WHAT YOU NEED TO DO:
Omitting all images, transcribe the entries word for word.
Start of DATASET EXTRACT
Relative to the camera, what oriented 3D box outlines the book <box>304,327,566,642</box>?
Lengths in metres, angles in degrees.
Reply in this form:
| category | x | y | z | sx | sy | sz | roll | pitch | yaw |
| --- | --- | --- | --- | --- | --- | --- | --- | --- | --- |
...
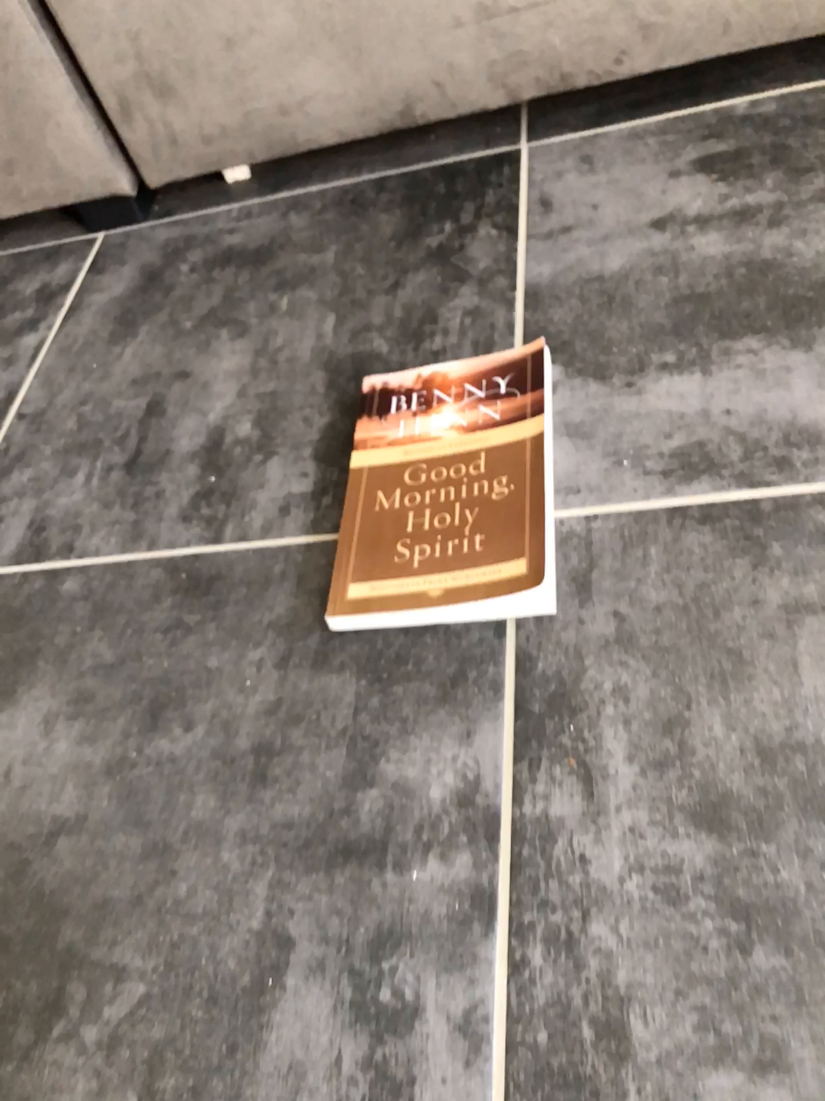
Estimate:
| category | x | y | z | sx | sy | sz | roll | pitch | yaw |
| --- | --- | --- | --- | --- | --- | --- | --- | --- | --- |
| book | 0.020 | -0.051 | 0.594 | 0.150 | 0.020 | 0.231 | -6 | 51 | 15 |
End of DATASET EXTRACT
COMPLETED EXERCISE:
Relative to the camera, what oriented 3D box outlines the book <box>304,327,566,642</box>?
Lengths in metres, angles in degrees.
Reply in this form:
| category | x | y | z | sx | sy | sz | roll | pitch | yaw |
| --- | --- | --- | --- | --- | --- | --- | --- | --- | --- |
...
Estimate:
| category | x | y | z | sx | sy | sz | roll | pitch | yaw |
| --- | --- | --- | --- | --- | --- | --- | --- | --- | --- |
| book | 0.020 | -0.051 | 0.594 | 0.150 | 0.020 | 0.231 | -6 | 51 | 15 |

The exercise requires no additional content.